It was very weird to visit a place with such a horrible past. You know that every room you enter was once filled with people who lived under terrible conditions and were uncertain of their lives, their future. The rooms and prisons were scarcely furnished with what I assume were the original beds and tables, and every space had a sinister atmosphere. And yet, every single room that had a window was occupied by swallows: up high, against the ceilings, were nests filled with little birds screaming for food. Countless swallows flied in and out of the rooms and across the territory.

After three hours of walking and visiting the detailed exhibitions that are scattered around the area, providing a lot of information on the camp, we were desperate for some food and drinks. We left the fortress and headed into the deserted town, and after dinner we waited for hours for a bus that didn’t come and eventually hitchhiked back to Prague.

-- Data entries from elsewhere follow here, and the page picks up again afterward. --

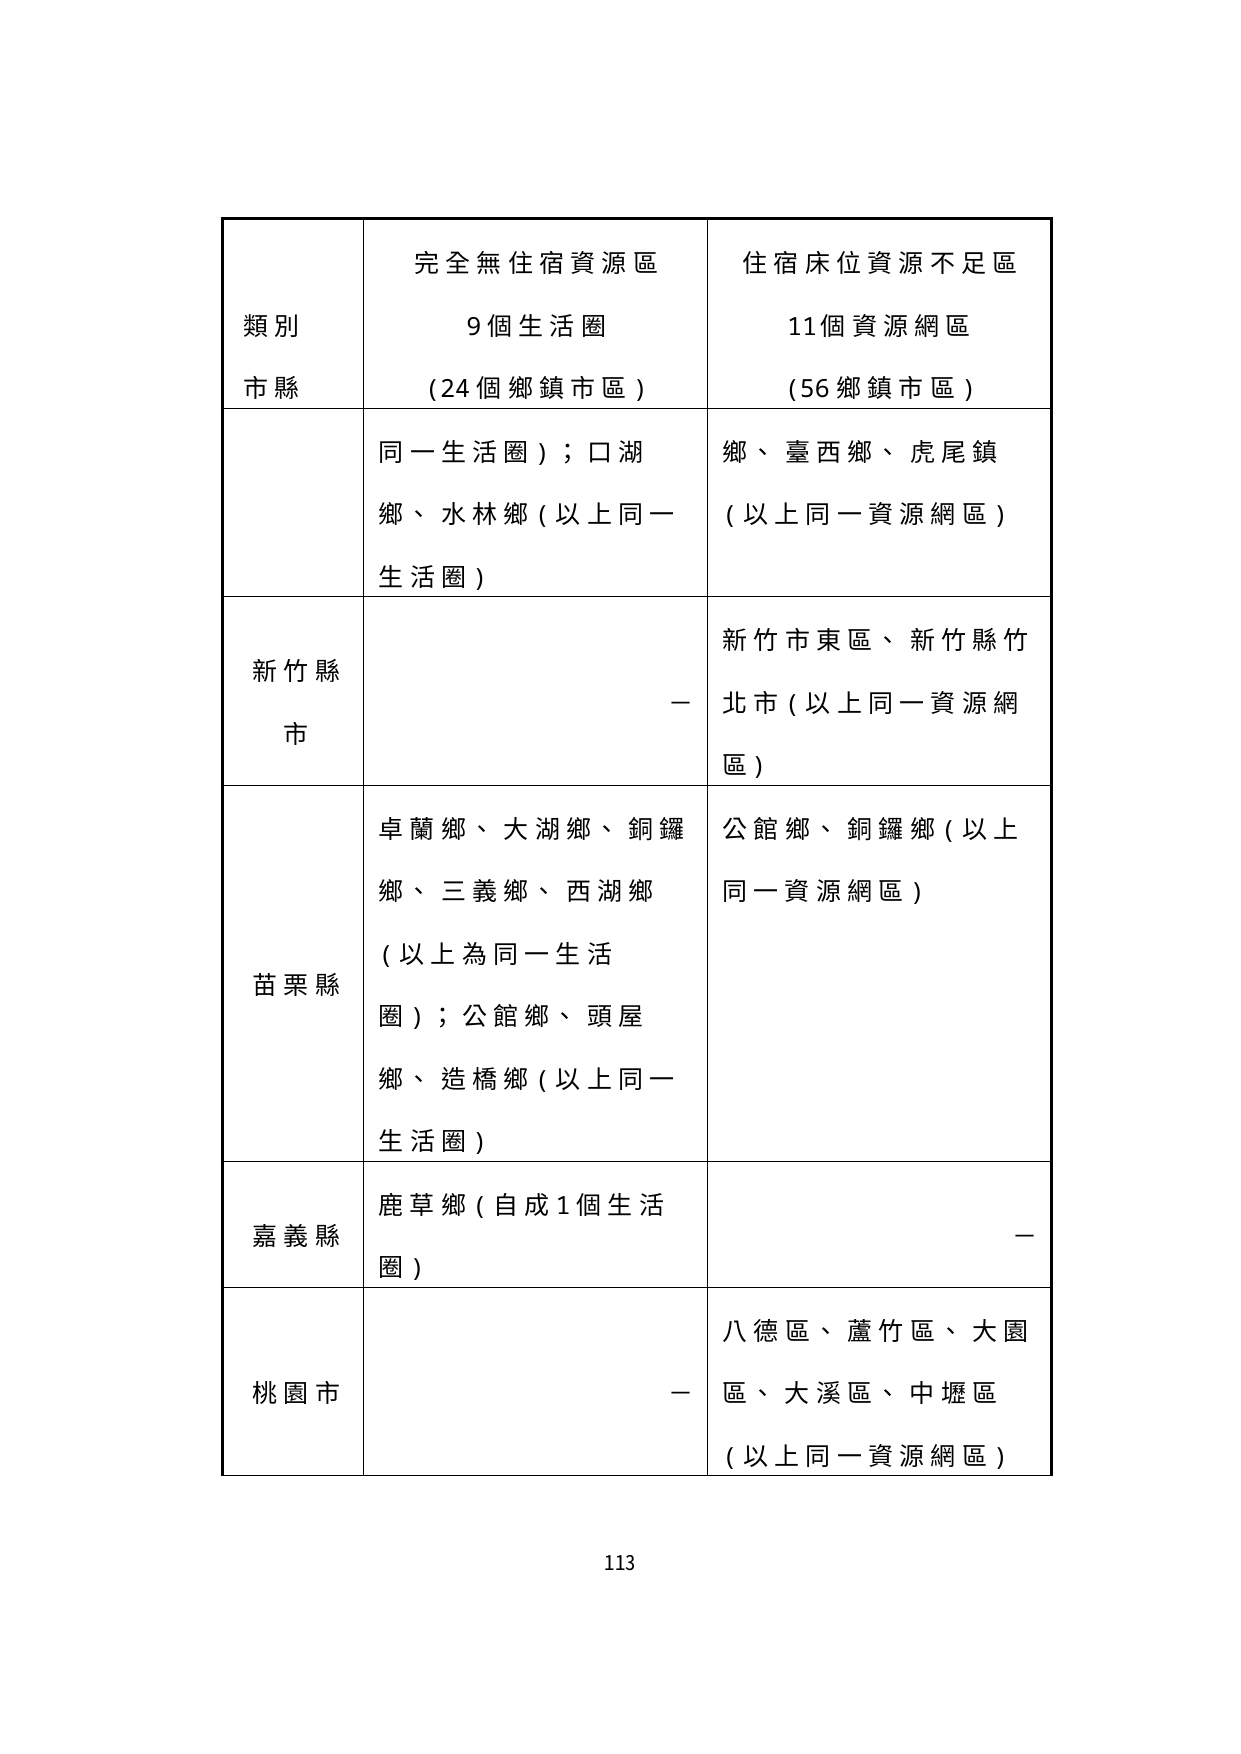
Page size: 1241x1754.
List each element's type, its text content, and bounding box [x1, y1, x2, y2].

table_cell 卓蘭鄉、大湖鄉、銅鑼鄉、三義鄉、西湖鄉(以上為同一生活圈)；公館鄉、頭屋鄉、造橋鄉(以上同一生活圈) [364, 786, 707, 1161]
table_cell 苗栗縣 [224, 786, 363, 1161]
table_header 完全無住宿資源區 9個生活圈 (24個鄉鎮市區) [364, 220, 707, 407]
table_cell 同一生活圈)；口湖鄉、水林鄉(以上同一生活圈) [364, 409, 707, 596]
table_cell 新竹市東區、新竹縣竹北市(以上同一資源網區) [708, 597, 1050, 784]
table_cell [224, 409, 363, 596]
table_cell 鄉、臺西鄉、虎尾鎮(以上同一資源網區) [708, 409, 1050, 596]
table_cell 新竹縣市 [224, 597, 363, 784]
table_cell 嘉義縣 [224, 1162, 363, 1287]
table_cell － [708, 1162, 1050, 1287]
table_cell 八德區、蘆竹區、大園區、大溪區、中壢區(以上同一資源網區) [708, 1288, 1050, 1475]
table_cell 鹿草鄉(自成1個生活圈) [364, 1162, 707, 1287]
table_cell － [364, 1288, 707, 1475]
table_header 住宿床位資源不足區 11個資源網區 (56鄉鎮市區) [708, 220, 1050, 407]
table_cell 公館鄉、銅鑼鄉(以上同一資源網區) [708, 786, 1050, 1161]
table_header 類別 市縣 [224, 220, 363, 407]
table_cell － [364, 597, 707, 784]
table_cell 桃園市 [224, 1288, 363, 1475]
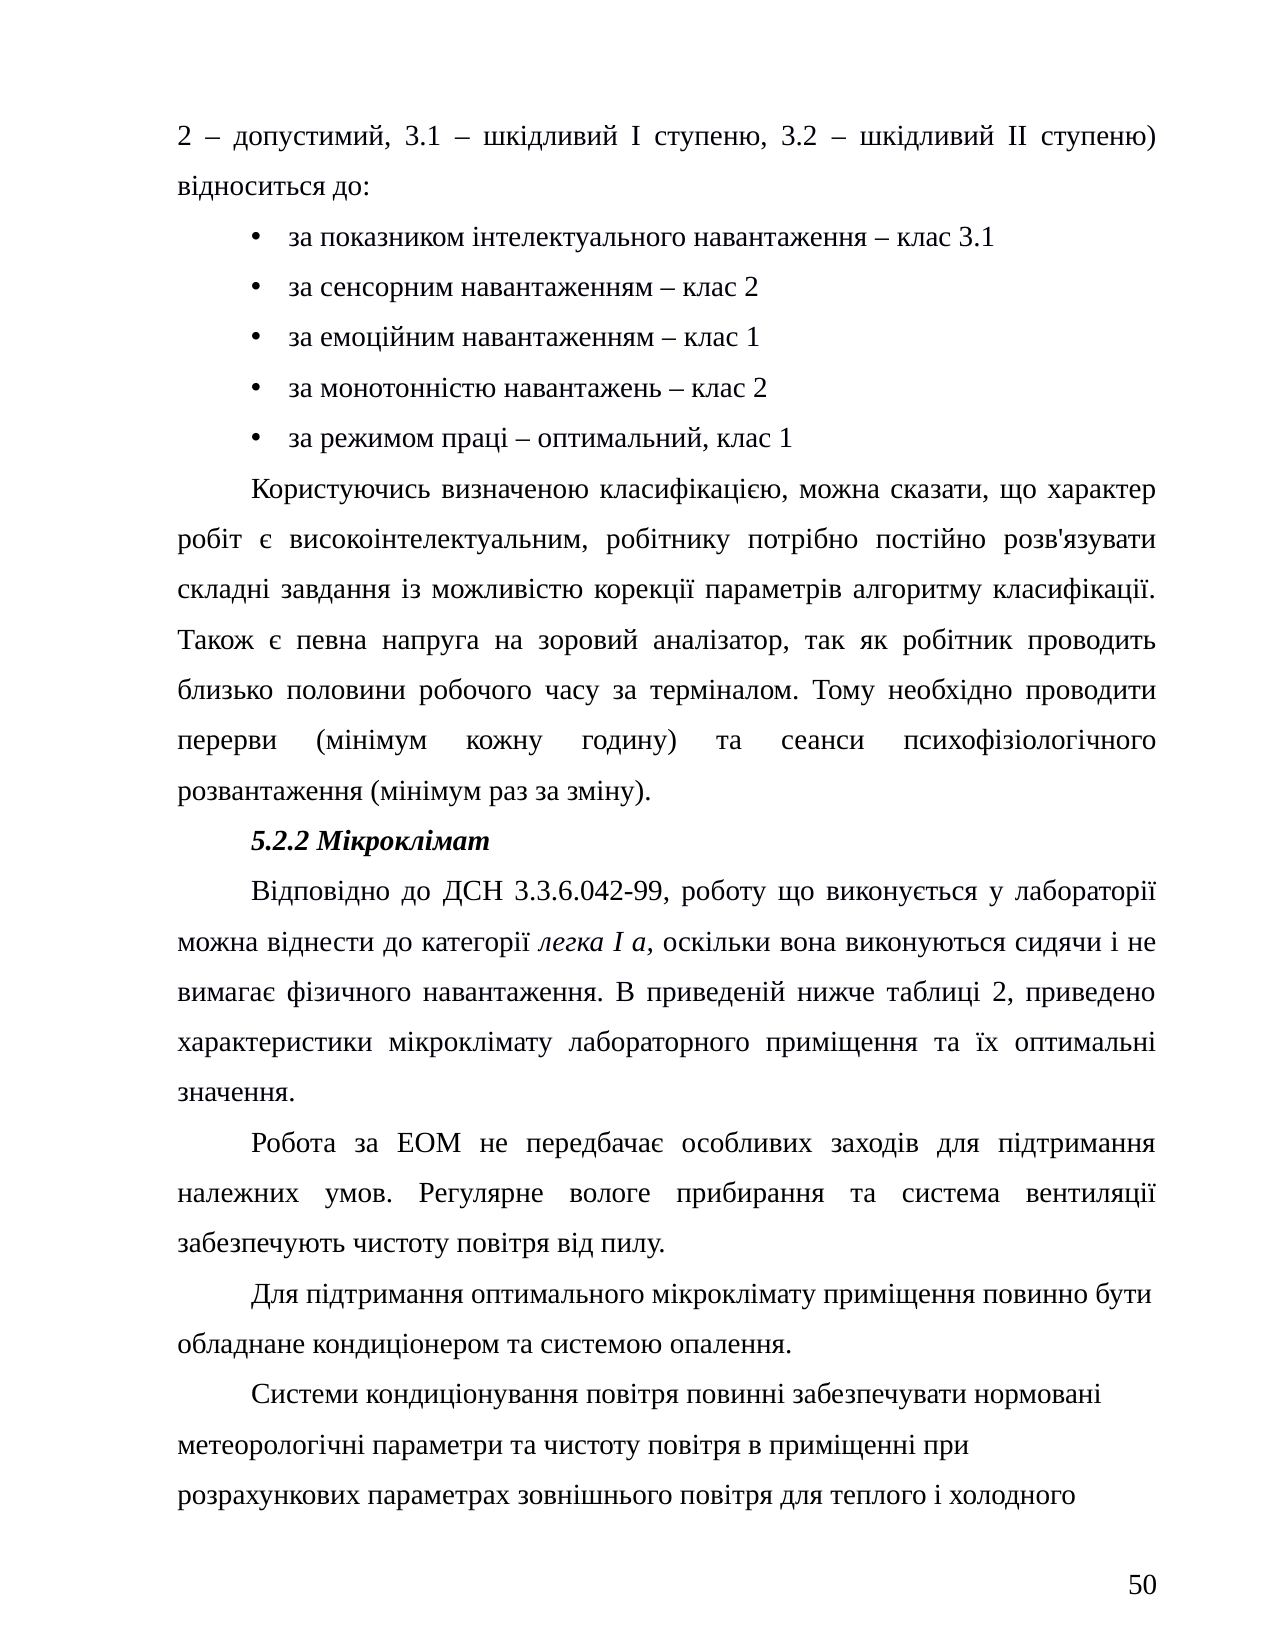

I am still impressed by the visit, as I was the first time in 1995. I’ve always been extremely interested in World War II, mainly because of the stories my Dutch grandparents, who witnessed it from up close, told me when I was a kid. To walk around in a place that was once used as a concentration camp is fascinating and repulsive at the same time, and it made me wonder if it was in fact the right thing to do. Is it important to make a place like that public, to allow people to walk in, take pictures, touch the doors and beds and tables? Or is it disgusting? Should a place like that be preserved, like it is now, or destroyed? I stood in a huge, empty shower room, used more than sixty years ago to ‘delouse’ people that would be dead in less than five years; watching birds feed their young while other ‘catastrophe-tourists’ came in to take pictures…and I was completely confused.
At the end of the visit we watched a short documentary that contained excerpts of the propaganda-movie about Terezín. You saw a football match between two groups of prisoners, and scenes of ‘happy, healthy’ women talking, sitting on the same beds we had just seen. Different voice-overs, in different languages, kept repeating that “everything is fine in Theresienstadt, I’m not lacking anything at all.”


2 comments:

Pytrik Schafraad said...

Hoi Mir,
Ik ben daar ook geweest een jaar of 10-12 geleden. En je indrukken zijn zeer herkenbaar. Ik kan me nog goed een nep waszaal met allemaal wastafels met nepkranen herinneren. En de executieplaats maakte ook nog al indruk

x pytrik

Der Nachtigall. said...

Goedendag Miriam,

Lijkt me gaaf om te zien! Ook wel ongelovelijk dat het gewoon echt is. Zowel geniaal alsook bizar concept natuurlijk.

Groet.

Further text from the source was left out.